_WHAT THIS TASK INVOLVES_.
Return the records exactly, keeping every line as it is.
◇ ◇ ◇
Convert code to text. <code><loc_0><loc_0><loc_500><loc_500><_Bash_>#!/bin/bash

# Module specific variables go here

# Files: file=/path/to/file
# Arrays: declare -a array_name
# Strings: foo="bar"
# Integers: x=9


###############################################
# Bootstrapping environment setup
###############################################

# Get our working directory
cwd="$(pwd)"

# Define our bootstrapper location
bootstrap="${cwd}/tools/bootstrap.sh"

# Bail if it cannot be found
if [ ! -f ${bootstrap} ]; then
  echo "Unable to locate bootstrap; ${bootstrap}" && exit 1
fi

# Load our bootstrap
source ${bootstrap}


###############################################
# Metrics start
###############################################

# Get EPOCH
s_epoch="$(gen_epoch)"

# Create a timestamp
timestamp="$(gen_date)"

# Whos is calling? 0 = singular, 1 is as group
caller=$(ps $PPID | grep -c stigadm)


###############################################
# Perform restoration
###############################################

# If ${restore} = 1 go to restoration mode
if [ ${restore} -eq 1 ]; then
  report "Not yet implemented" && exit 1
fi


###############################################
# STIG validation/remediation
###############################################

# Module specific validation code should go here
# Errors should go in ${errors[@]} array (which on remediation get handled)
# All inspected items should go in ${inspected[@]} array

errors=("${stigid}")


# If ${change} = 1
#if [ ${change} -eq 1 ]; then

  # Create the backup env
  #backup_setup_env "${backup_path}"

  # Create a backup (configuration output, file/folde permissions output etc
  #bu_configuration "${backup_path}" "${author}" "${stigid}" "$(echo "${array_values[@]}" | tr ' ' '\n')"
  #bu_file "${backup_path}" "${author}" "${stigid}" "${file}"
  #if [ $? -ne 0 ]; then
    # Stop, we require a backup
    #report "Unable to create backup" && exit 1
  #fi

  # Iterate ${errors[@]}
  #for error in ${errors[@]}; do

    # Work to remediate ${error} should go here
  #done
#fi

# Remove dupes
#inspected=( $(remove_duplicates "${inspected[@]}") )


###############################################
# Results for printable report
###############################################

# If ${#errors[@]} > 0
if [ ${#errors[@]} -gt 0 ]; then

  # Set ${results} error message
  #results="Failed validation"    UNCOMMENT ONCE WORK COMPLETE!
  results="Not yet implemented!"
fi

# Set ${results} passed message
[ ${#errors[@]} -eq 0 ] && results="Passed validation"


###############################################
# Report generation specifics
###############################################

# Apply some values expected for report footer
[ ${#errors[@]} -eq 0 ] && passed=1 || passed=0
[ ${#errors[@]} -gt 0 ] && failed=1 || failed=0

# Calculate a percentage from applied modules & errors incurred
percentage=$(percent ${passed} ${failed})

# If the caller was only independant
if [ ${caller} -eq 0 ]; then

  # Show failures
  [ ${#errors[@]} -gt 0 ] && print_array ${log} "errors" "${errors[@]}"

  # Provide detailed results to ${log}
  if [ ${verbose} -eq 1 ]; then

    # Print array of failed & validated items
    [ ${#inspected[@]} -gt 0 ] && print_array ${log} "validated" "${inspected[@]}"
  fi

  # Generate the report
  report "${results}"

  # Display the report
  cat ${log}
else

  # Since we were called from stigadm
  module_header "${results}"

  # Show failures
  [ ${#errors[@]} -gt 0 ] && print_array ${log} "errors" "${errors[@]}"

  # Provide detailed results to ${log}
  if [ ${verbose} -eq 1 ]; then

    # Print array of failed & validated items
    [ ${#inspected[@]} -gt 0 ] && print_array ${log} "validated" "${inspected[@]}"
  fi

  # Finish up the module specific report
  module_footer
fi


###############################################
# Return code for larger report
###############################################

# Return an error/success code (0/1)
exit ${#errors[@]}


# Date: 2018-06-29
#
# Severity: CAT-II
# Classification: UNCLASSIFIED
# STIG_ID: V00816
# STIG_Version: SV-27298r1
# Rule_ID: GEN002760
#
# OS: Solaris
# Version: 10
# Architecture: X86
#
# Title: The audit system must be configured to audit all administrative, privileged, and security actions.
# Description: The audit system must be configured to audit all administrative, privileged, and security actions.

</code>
◇ ◇ ◇
_SOLUTION TO THE EXERCISE_.
Convert code to text. <code><loc_0><loc_0><loc_500><loc_500><_Bash_>#!/bin/bash

# Module specific variables go here

# Files: file=/path/to/file
# Arrays: declare -a array_name
# Strings: foo="bar"
# Integers: x=9


###############################################
# Bootstrapping environment setup
###############################################

# Get our working directory
cwd="$(pwd)"

# Define our bootstrapper location
bootstrap="${cwd}/tools/bootstrap.sh"

# Bail if it cannot be found
if [ ! -f ${bootstrap} ]; then
  echo "Unable to locate bootstrap; ${bootstrap}" && exit 1
fi

# Load our bootstrap
source ${bootstrap}


###############################################
# Metrics start
###############################################

# Get EPOCH
s_epoch="$(gen_epoch)"

# Create a timestamp
timestamp="$(gen_date)"

# Whos is calling? 0 = singular, 1 is as group
caller=$(ps $PPID | grep -c stigadm)


###############################################
# Perform restoration
###############################################

# If ${restore} = 1 go to restoration mode
if [ ${restore} -eq 1 ]; then
  report "Not yet implemented" && exit 1
fi


###############################################
# STIG validation/remediation
###############################################

# Module specific validation code should go here
# Errors should go in ${errors[@]} array (which on remediation get handled)
# All inspected items should go in ${inspected[@]} array

errors=("${stigid}")


# If ${change} = 1
#if [ ${change} -eq 1 ]; then

  # Create the backup env
  #backup_setup_env "${backup_path}"

  # Create a backup (configuration output, file/folde permissions output etc
  #bu_configuration "${backup_path}" "${author}" "${stigid}" "$(echo "${array_values[@]}" | tr ' ' '\n')"
  #bu_file "${backup_path}" "${author}" "${stigid}" "${file}"
  #if [ $? -ne 0 ]; then
    # Stop, we require a backup
    #report "Unable to create backup" && exit 1
  #fi

  # Iterate ${errors[@]}
  #for error in ${errors[@]}; do

    # Work to remediate ${error} should go here
  #done
#fi

# Remove dupes
#inspected=( $(remove_duplicates "${inspected[@]}") )


###############################################
# Results for printable report
###############################################

# If ${#errors[@]} > 0
if [ ${#errors[@]} -gt 0 ]; then

  # Set ${results} error message
  #results="Failed validation"    UNCOMMENT ONCE WORK COMPLETE!
  results="Not yet implemented!"
fi

# Set ${results} passed message
[ ${#errors[@]} -eq 0 ] && results="Passed validation"


###############################################
# Report generation specifics
###############################################

# Apply some values expected for report footer
[ ${#errors[@]} -eq 0 ] && passed=1 || passed=0
[ ${#errors[@]} -gt 0 ] && failed=1 || failed=0

# Calculate a percentage from applied modules & errors incurred
percentage=$(percent ${passed} ${failed})

# If the caller was only independant
if [ ${caller} -eq 0 ]; then

  # Show failures
  [ ${#errors[@]} -gt 0 ] && print_array ${log} "errors" "${errors[@]}"

  # Provide detailed results to ${log}
  if [ ${verbose} -eq 1 ]; then

    # Print array of failed & validated items
    [ ${#inspected[@]} -gt 0 ] && print_array ${log} "validated" "${inspected[@]}"
  fi

  # Generate the report
  report "${results}"

  # Display the report
  cat ${log}
else

  # Since we were called from stigadm
  module_header "${results}"

  # Show failures
  [ ${#errors[@]} -gt 0 ] && print_array ${log} "errors" "${errors[@]}"

  # Provide detailed results to ${log}
  if [ ${verbose} -eq 1 ]; then

    # Print array of failed & validated items
    [ ${#inspected[@]} -gt 0 ] && print_array ${log} "validated" "${inspected[@]}"
  fi

  # Finish up the module specific report
  module_footer
fi


###############################################
# Return code for larger report
###############################################

# Return an error/success code (0/1)
exit ${#errors[@]}


# Date: 2018-06-29
#
# Severity: CAT-II
# Classification: UNCLASSIFIED
# STIG_ID: V00816
# STIG_Version: SV-27298r1
# Rule_ID: GEN002760
#
# OS: Solaris
# Version: 10
# Architecture: X86
#
# Title: The audit system must be configured to audit all administrative, privileged, and security actions.
# Description: The audit system must be configured to audit all administrative, privileged, and security actions.

</code>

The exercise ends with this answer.